1. Grace for Drowning (2.00)
2. Sectarian (8.00)
3. Deform to Form a Star (8.00)
4. No Part of Me (5.45)
5. Postcard (4.30)
6. Raider Prelude (2.30)
7. Remainder the Black Dog (9.15)
Czas całkowity: 39:20

CD2:

1. Belle de Jour (3.00)
2. Index (4.45)
3. Track One (4.15)
4. Raider II (23.15)
5. Like Dust I Have Cleared From My Eye (8.00)
Czas całkowity: 43:15
Steven Wilson – guitars, keyboards, vocals
Nic France – drums
Steve Hackett – lead guitar
Tony Levin – bass
Nick Beggs – stick, bass
Trey Gunn – warr guitar
Theo Travis – clarinet, flute, saxophone
Jordan Rudess – keyboards
Ben Castle – clarinet
Pat Mastelotto – drums
Markus Reuter – touch guitar
Mike Outram – guitar
Sand Snowman – acoustic guitar

1 komentarz

  • Michał Jurek

    Steven Wilson powrócił!

    Przyznam się, że przed przesłuchaniem najnowszego dzieła artysty miałem pewne obawy. Ostatni album Porcupine Tree mnie nie zachwycił, ostatnia płyta wydana pod szyldem Blackfield wręcz rozczarowała. A i solowy debiut pana Stefana również nie był czymś, co by mnie zmiotło z fotela w trakcie słuchania. Nic więc dziwnego, że wraz ze zbliżaniem się premiery albumu ogarniała mnie coraz większa niepewność, czy Steven Wilson, bez reszty pochłonięty pracą nad remasteringiem kolejnych płyt z lat siedemdziesiątych i działalnością producencką, nie zatracił gdzieś tej iskry, która pozwalała mu nagrywać tak genialne albumy jak 'The Sky Moves Sideways' czy 'Returning Jesus'.

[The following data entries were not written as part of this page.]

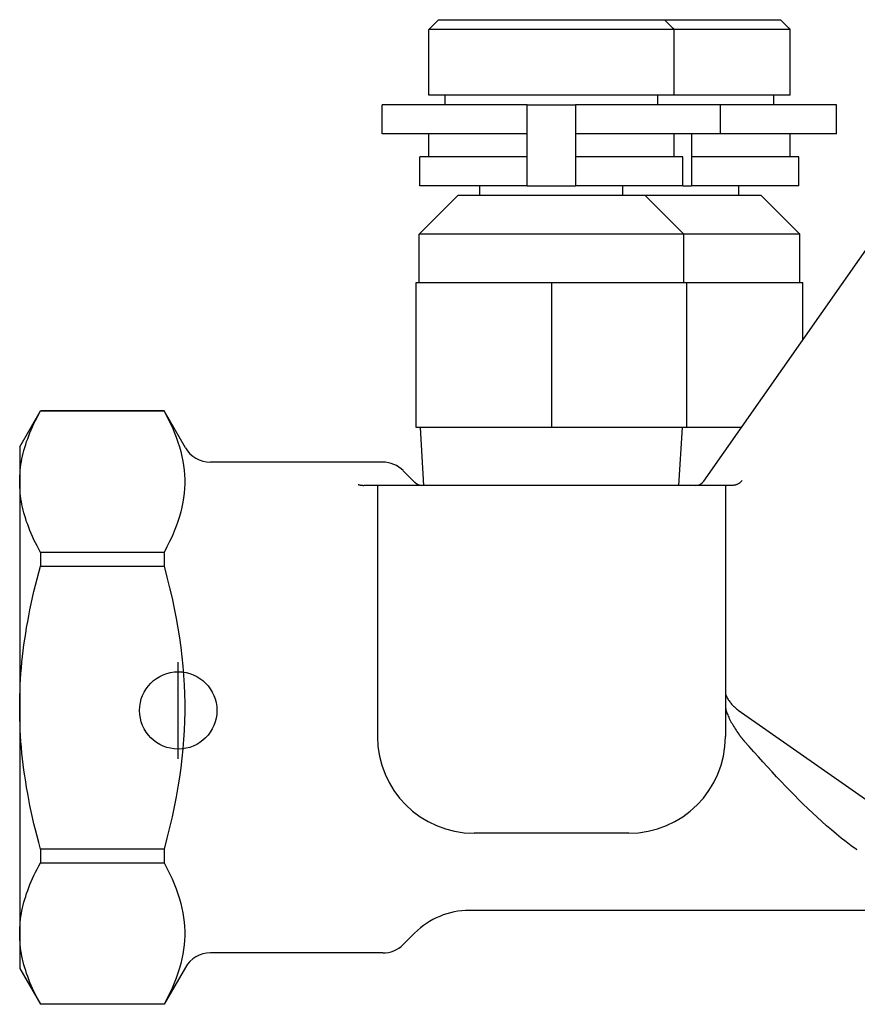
# Model space of a CAD drawing. Header units: millimetres. Extents: x 81 to 326, y -65 to 264.
# Tile 1 of 12: x 81 to 124, y 42 to 93. Entities that reach past the tile are written whole.
import ezdxf

# ---------------------------------------------------------------- set-up
doc = ezdxf.new("R2010")
doc.units = ezdxf.units.MM
doc.layers.add('Detail', color=2, linetype='Continuous')
doc.layers.add('ORIGIN', color=6, linetype='Continuous')

msp = doc.modelspace()

# ---------------------------------------------------------------- linework, layer by layer
at = {"layer": 'Detail'}
for p, q in [((102.669, 92.507), (102.169, 92.007)), ((102.669, 92.507), (114.369, 92.507)), ((114.369, 92.507), (120.366, 92.507)), ((114.369, 92.507), (114.819, 92.056)), ((120.366, 92.507), (120.816, 92.056)), ((102.169, 88.607), (102.169, 92.007)), ((114.869, 92.007), (102.169, 92.007)), ((114.869, 88.607), (114.869, 92.007)), ((120.866, 92.007), (114.869, 92.007)), ((116.403, 68.62), (132.901, 92.181)), ((120.866, 88.607), (120.866, 92.007)), ((114.869, 88.607), (102.169, 88.607)), ((103.019, 88.107), (103.019, 88.607)), ((114.019, 88.107), (114.019, 88.607)), ((120.866, 88.607), (114.869, 88.607)), ((120.016, 88.107), (120.016, 88.607)), ((107.269, 88.107), (99.769, 88.107)), ((99.769, 86.607), (99.769, 88.107)), ((107.269, 88.107), (109.769, 88.107)), ((107.269, 83.907), (107.269, 88.107)), ((109.769, 88.107), (109.769, 83.907)), ((117.269, 88.107), (109.769, 88.107)), ((123.266, 88.107), (117.269, 88.107)), ((117.269, 86.607), (117.269, 88.107)), ((123.266, 86.607), (123.266, 88.107)), ((107.269, 86.607), (99.769, 86.607)), ((102.169, 85.407), (102.169, 86.607)), ((117.269, 86.607), (109.769, 86.607)), ((114.869, 85.407), (114.869, 86.607)), ((115.766, 86.607), (115.766, 83.907)), ((123.266, 86.607), (117.269, 86.607)), ((120.866, 85.407), (120.866, 86.607)), ((107.269, 85.407), (101.719, 85.407)), ((101.719, 83.907), (101.719, 85.407)), ((115.319, 85.407), (109.769, 85.407)), ((115.319, 83.907), (115.319, 85.407)), ((121.316, 85.407), (115.766, 85.407)), ((121.316, 83.907), (121.316, 85.407)), ((107.269, 83.907), (101.719, 83.907)), ((104.819, 83.407), (104.819, 83.907)), ((107.269, 83.907), (109.769, 83.907)), ((115.319, 83.907), (109.769, 83.907)), ((112.219, 83.407), (112.219, 83.907)), ((115.319, 83.907), (115.766, 83.907)), ((121.316, 83.907), (115.766, 83.907)), ((118.216, 83.407), (118.216, 83.907)), ((103.669, 83.407), (101.669, 81.407)), ((113.369, 83.407), (103.669, 83.407)), ((119.366, 83.407), (113.369, 83.407)), ((113.369, 83.407), (115.369, 81.407)), ((119.366, 83.407), (121.366, 81.407)), ((115.369, 81.407), (101.669, 81.407)), ((101.669, 78.907), (101.669, 81.407)), ((121.366, 81.407), (115.369, 81.407)), ((115.369, 78.907), (115.369, 81.407)), ((121.366, 78.907), (121.366, 81.407)), ((101.519, 71.407), (101.519, 78.907)), ((101.519, 78.907), (108.519, 78.907)), ((108.519, 78.907), (108.519, 71.407)), ((108.519, 78.907), (115.519, 78.907)), ((115.519, 78.907), (121.516, 78.907)), ((115.519, 71.407), (115.519, 78.907)), ((121.516, 75.921), (121.516, 78.907)), ((81.016, 70.407), (82.088, 72.263)), ((82.088, 72.263), (82.088, 72.257)), ((88.482, 72.263), (82.088, 72.263)), ((82.088, 72.257), (88.482, 72.257)), ((88.482, 72.263), (88.482, 72.257)), ((89.583, 70.357), (88.482, 72.263)), ((108.519, 71.407), (101.519, 71.407)), ((101.925, 68.407), (101.738, 71.407)), ((115.519, 71.407), (108.519, 71.407)), ((115.113, 68.407), (115.3, 71.407)), ((118.355, 71.407), (115.519, 71.407)), ((81.016, 70.407), (81.016, 43.407)), ((99.795, 69.607), (90.882, 69.607)), ((101.444, 68.578), (100.855, 69.167)), ((99.519, 68.407), (98.822, 68.407)), ((117.519, 68.407), (99.519, 68.407)), ((99.519, 68.407), (99.519, 55.407)), ((117.901, 68.407), (117.519, 68.407)), ((117.519, 68.407), (117.519, 55.407)), ((88.482, 64.938), (82.088, 64.938)), ((82.088, 64.938), (82.088, 64.226)), ((88.482, 64.938), (88.482, 64.226)), ((82.088, 64.226), (88.482, 64.226)), ((118.173, 56.778), (132.187, 46.966)), ((112.519, 50.407), (104.519, 50.407)), ((88.482, 49.587), (82.088, 49.587)), ((82.088, 49.587), (82.088, 48.875)), ((88.482, 49.587), (88.482, 48.875)), ((124.339, 49.538), (124.293, 49.57)), ((82.088, 48.875), (88.482, 48.875)), ((132.717, 46.407), (104.273, 46.407)), ((101.444, 45.235), (100.855, 44.646)), ((99.795, 44.207), (90.882, 44.207)), ((81.016, 43.407), (82.088, 41.55)), ((89.583, 43.457), (88.482, 41.55)), ((88.482, 41.556), (82.088, 41.556)), ((82.088, 41.556), (82.088, 41.55)), ((88.482, 41.55), (82.088, 41.55)), ((88.482, 41.556), (88.482, 41.55))]:
    msp.add_line(p, q, dxfattribs=at)
at = {"layer": 'Detail', "flags": 128}
for points in [[(114.869, 92.007), (114.866, 92.009), (114.864, 92.012), (114.861, 92.014), (114.859, 92.017), (114.856, 92.019), (114.853, 92.022), (114.851, 92.025), (114.848, 92.027), (114.846, 92.03), (114.843, 92.032), (114.841, 92.035), (114.838, 92.037), (114.836, 92.039), (114.834, 92.041), (114.832, 92.043), (114.83, 92.045), (114.828, 92.047), (114.826, 92.049), (114.825, 92.051), (114.823, 92.052), (114.822, 92.053), (114.821, 92.055), (114.82, 92.055), (114.819, 92.056)], [(120.866, 92.007), (120.863, 92.009), (120.861, 92.012), (120.858, 92.014), (120.856, 92.017), (120.853, 92.019), (120.85, 92.022), (120.848, 92.025), (120.845, 92.027), (120.843, 92.03), (120.84, 92.032), (120.838, 92.035), (120.836, 92.037), (120.833, 92.039), (120.831, 92.041), (120.829, 92.043), (120.827, 92.045), (120.825, 92.047), (120.823, 92.049), (120.822, 92.051), (120.82, 92.052), (120.819, 92.053), (120.818, 92.055), (120.817, 92.055), (120.816, 92.056)], [(81.016, 68.598), (81.018, 68.745), (81.023, 68.892), (81.033, 69.039), (81.045, 69.186), (81.062, 69.332), (81.082, 69.479), (81.106, 69.626), (81.133, 69.774), (81.164, 69.921), (81.199, 70.069), (81.237, 70.218), (81.279, 70.368), (81.325, 70.518), (81.375, 70.67), (81.428, 70.822), (81.485, 70.975), (81.546, 71.13), (81.611, 71.286), (81.68, 71.444), (81.753, 71.603), (81.831, 71.764), (81.912, 71.926), (81.998, 72.091), (82.088, 72.257)], [(88.482, 72.257), (88.633, 71.974), (88.771, 71.698), (88.897, 71.428), (89.01, 71.164), (89.111, 70.905), (89.202, 70.651), (89.281, 70.4), (89.35, 70.153), (89.408, 69.909), (89.457, 69.667), (89.495, 69.428), (89.524, 69.189), (89.543, 68.952), (89.553, 68.716), (89.553, 68.48), (89.543, 68.243), (89.524, 68.006), (89.495, 67.768), (89.457, 67.529), (89.408, 67.287), (89.35, 67.043), (89.281, 66.796), (89.202, 66.545), (89.111, 66.291), (89.01, 66.032), (88.897, 65.768), (88.771, 65.498), (88.633, 65.222), (88.482, 64.938)], [(82.088, 64.938), (81.998, 65.105), (81.912, 65.27), (81.831, 65.432), (81.753, 65.593), (81.68, 65.752), (81.611, 65.91), (81.546, 66.066), (81.485, 66.221), (81.428, 66.374), (81.375, 66.526), (81.325, 66.678), (81.279, 66.828), (81.237, 66.978), (81.199, 67.126), (81.164, 67.275), (81.133, 67.422), (81.106, 67.57), (81.082, 67.717), (81.062, 67.863), (81.045, 68.01), (81.033, 68.157), (81.023, 68.304), (81.018, 68.451), (81.016, 68.598)], [(98.519, 68.452), (98.532, 68.448), (98.544, 68.445), (98.557, 68.442), (98.57, 68.438), (98.583, 68.435), (98.595, 68.433), (98.608, 68.43), (98.621, 68.427), (98.633, 68.425), (98.646, 68.422), (98.659, 68.42), (98.671, 68.418), (98.684, 68.416), (98.697, 68.415), (98.709, 68.413), (98.722, 68.412), (98.735, 68.411), (98.747, 68.41), (98.76, 68.409), (98.772, 68.408), (98.785, 68.407), (98.797, 68.407), (98.81, 68.407), (98.822, 68.407)], [(118.379, 68.655), (118.364, 68.637), (118.348, 68.619), (118.332, 68.602), (118.315, 68.585), (118.298, 68.57), (118.28, 68.554), (118.262, 68.539), (118.243, 68.525), (118.224, 68.512), (118.204, 68.499), (118.184, 68.487), (118.164, 68.476), (118.143, 68.465), (118.122, 68.455), (118.1, 68.446), (118.079, 68.438), (118.057, 68.431), (118.035, 68.425), (118.012, 68.419), (117.99, 68.415), (117.968, 68.411), (117.946, 68.409), (117.923, 68.407), (117.901, 68.407)], [(81.016, 56.907), (81.018, 57.201), (81.023, 57.495), (81.033, 57.789), (81.045, 58.082), (81.062, 58.376), (81.082, 58.669), (81.106, 58.963), (81.133, 59.258), (81.164, 59.553), (81.199, 59.85), (81.237, 60.147), (81.279, 60.446), (81.325, 60.747), (81.375, 61.05), (81.428, 61.354), (81.485, 61.661), (81.546, 61.971), (81.611, 62.283), (81.68, 62.598), (81.753, 62.916), (81.831, 63.238), (81.912, 63.563), (81.998, 63.892), (82.088, 64.226)], [(88.482, 64.226), (88.633, 63.659), (88.771, 63.107), (88.897, 62.567), (89.01, 62.039), (89.111, 61.521), (89.202, 61.012), (89.281, 60.511), (89.35, 60.017), (89.408, 59.528), (89.457, 59.045), (89.495, 58.566), (89.524, 58.09), (89.543, 57.615), (89.553, 57.143), (89.553, 56.67), (89.543, 56.198), (89.524, 55.724), (89.495, 55.247), (89.457, 54.768), (89.408, 54.285), (89.35, 53.796), (89.281, 53.302), (89.202, 52.801), (89.111, 52.292), (89.01, 51.774), (88.897, 51.246), (88.771, 50.706), (88.633, 50.154), (88.482, 49.587)], [(117.519, 57.663), (117.521, 57.633), (117.528, 57.6), (117.538, 57.565), (117.551, 57.528), (117.567, 57.49), (117.586, 57.45), (117.608, 57.41), (117.631, 57.37), (117.656, 57.329), (117.683, 57.289), (117.712, 57.248), (117.742, 57.207), (117.773, 57.167), (117.805, 57.127), (117.838, 57.088), (117.873, 57.049), (117.908, 57.011), (117.944, 56.974), (117.981, 56.938), (118.018, 56.903), (118.056, 56.869), (118.095, 56.837), (118.134, 56.807), (118.173, 56.778)], [(82.088, 49.587), (81.998, 49.921), (81.912, 50.25), (81.831, 50.575), (81.753, 50.897), (81.68, 51.215), (81.611, 51.53), (81.546, 51.842), (81.485, 52.152), (81.428, 52.459), (81.375, 52.763), (81.325, 53.066), (81.279, 53.367), (81.237, 53.666), (81.199, 53.963), (81.164, 54.26), (81.133, 54.555), (81.106, 54.85), (81.082, 55.144), (81.062, 55.438), (81.045, 55.731), (81.033, 56.024), (81.023, 56.318), (81.018, 56.612), (81.016, 56.907)], [(117.519, 56.979), (117.521, 56.937), (117.526, 56.892), (117.534, 56.846), (117.545, 56.797), (117.558, 56.747), (117.574, 56.695), (117.592, 56.641), (117.613, 56.585), (117.636, 56.527), (117.661, 56.466), (117.689, 56.405), (117.719, 56.341), (117.751, 56.276), (117.785, 56.21), (117.821, 56.143), (117.859, 56.075), (117.898, 56.007), (117.939, 55.938), (117.981, 55.87), (118.025, 55.801), (118.069, 55.733), (118.115, 55.665), (118.161, 55.597), (118.209, 55.531)], [(118.209, 55.531), (118.221, 55.514), (118.233, 55.497), (118.246, 55.48), (118.258, 55.463), (118.27, 55.447), (118.283, 55.43), (118.295, 55.414), (118.307, 55.398), (118.32, 55.382), (118.332, 55.366), (118.344, 55.35), (118.357, 55.334), (118.369, 55.319), (118.381, 55.303), (118.394, 55.288), (118.406, 55.273), (118.418, 55.258), (118.43, 55.243), (118.443, 55.228), (118.455, 55.214), (118.467, 55.199), (118.48, 55.185), (118.492, 55.171), (118.504, 55.157)], [(124.293, 49.57), (124.03, 49.759), (123.769, 49.954), (123.511, 50.155), (123.255, 50.362), (123.002, 50.573), (122.752, 50.789), (122.504, 51.008), (122.26, 51.23), (122.018, 51.455), (121.78, 51.681), (121.545, 51.909), (121.314, 52.138), (121.086, 52.367), (120.858, 52.6), (120.628, 52.837), (120.397, 53.08), (120.164, 53.327), (119.93, 53.578), (119.694, 53.833), (119.458, 54.092), (119.221, 54.354), (118.982, 54.619), (118.744, 54.887), (118.504, 55.157)], [(81.016, 45.215), (81.018, 45.363), (81.023, 45.51), (81.033, 45.656), (81.045, 45.803), (81.062, 45.95), (81.082, 46.097), (81.106, 46.244), (81.133, 46.391), (81.164, 46.539), (81.199, 46.687), (81.237, 46.836), (81.279, 46.985), (81.325, 47.136), (81.375, 47.287), (81.428, 47.439), (81.485, 47.593), (81.546, 47.747), (81.611, 47.903), (81.68, 48.061), (81.753, 48.22), (81.831, 48.381), (81.912, 48.543), (81.998, 48.708), (82.088, 48.875)], [(88.482, 48.875), (88.633, 48.591), (88.771, 48.315), (88.897, 48.045), (89.01, 47.781), (89.111, 47.522), (89.202, 47.268), (89.281, 47.017), (89.35, 46.77), (89.408, 46.526), (89.457, 46.285), (89.495, 46.045), (89.524, 45.807), (89.543, 45.57), (89.553, 45.333), (89.553, 45.097), (89.543, 44.861), (89.524, 44.624), (89.495, 44.386), (89.457, 44.146), (89.408, 43.904), (89.35, 43.66), (89.281, 43.413), (89.202, 43.163), (89.111, 42.908), (89.01, 42.649), (88.897, 42.385), (88.771, 42.115), (88.633, 41.839), (88.482, 41.556)], [(82.088, 41.556), (81.998, 41.722), (81.912, 41.887), (81.831, 42.05), (81.753, 42.21), (81.68, 42.37), (81.611, 42.527), (81.546, 42.683), (81.485, 42.838), (81.428, 42.991), (81.375, 43.144), (81.325, 43.295), (81.279, 43.445), (81.237, 43.595), (81.199, 43.744), (81.164, 43.892), (81.133, 44.04), (81.106, 44.187), (81.082, 44.334), (81.062, 44.481), (81.045, 44.627), (81.033, 44.774), (81.023, 44.921), (81.018, 45.068), (81.016, 45.215)]]:
    msp.add_lwpolyline(points, dxfattribs=at)
at = {"layer": 'Detail'}
for centre, radius, start, end in [((90.882, 71.107), 1.5, 210, 270), ((99.795, 68.107), 1.5, 45, 90), ((104.273, 71.407), 4, 225, 225.5847), ((101.823, 68.907), 0.5, 225.5847, 270), ((115.994, 68.907), 0.5, 270, 325), ((104.519, 55.407), 5, 180, 270), ((112.519, 55.407), 5, 270, 0), ((104.273, 42.407), 4, 90, 135), ((99.795, 45.707), 1.5, 270, 315), ((90.882, 42.707), 1.5, 90, 150)]:
    msp.add_arc(centre, radius, start, end, dxfattribs=at)
at = {"layer": 'ORIGIN'}
msp.add_line((89.217, 54.259), (89.217, 59.259), dxfattribs=at)
msp.add_circle((89.217, 56.759), 2, dxfattribs=at)

doc.saveas('drawing.dxf')

    No i cóż - iskra ta chyba nie wygasła, bo nowe solowe dzieło Stevena Wilsona jest najlepszą, od co najmniej kilku lat, płytą, w nagrywaniu której muzyk ten maczał palce. Potwierdziły się więc zapowiedzi z wywiadów promujących album, że ostatnie miesiące pan Stefan spędził nad komponowaniem i szlifowaniem nagrań na solowy album, ograniczając swoje zaangażowanie w realizację innych projektów - w tym także w nagrywanie rzeczonego albumu Blackfield. Padały też odważne deklaracje, że 'Grace for Drowning' jest najlepszą płytą, jaką Stevenowi Wilsonowi udało się kiedykolwiek nagrać. I trzeba od razu zaznaczyć, że deklaracje te nie są deklaracjami bez pokrycia, choć nie szarżowałbym z określaniem 'Grace for Drowning' mianem opus magnum w dorobku pana Stefana.

    'Grace for Drowning' to w zasadzie album dwupłytowy. Piszę 'w zasadzie', ponieważ sam autor sugerował w wywiadach, że to raczej dwie osobne płyty w jednej okładce, i można je traktować jako osobne dzieła. Trochę to kokieteryjne, ponieważ oba dyski są utrzymane w bardzo podobnym klimacie muzycznym, zaś jedno nagranie ('Raider') zostało jakby celowo podzielone między dysk pierwszy i drugi. No, ale skoro artysta tak chce, to weźmy każdą płytkę CD z osobna pod recenzenckie szkiełko.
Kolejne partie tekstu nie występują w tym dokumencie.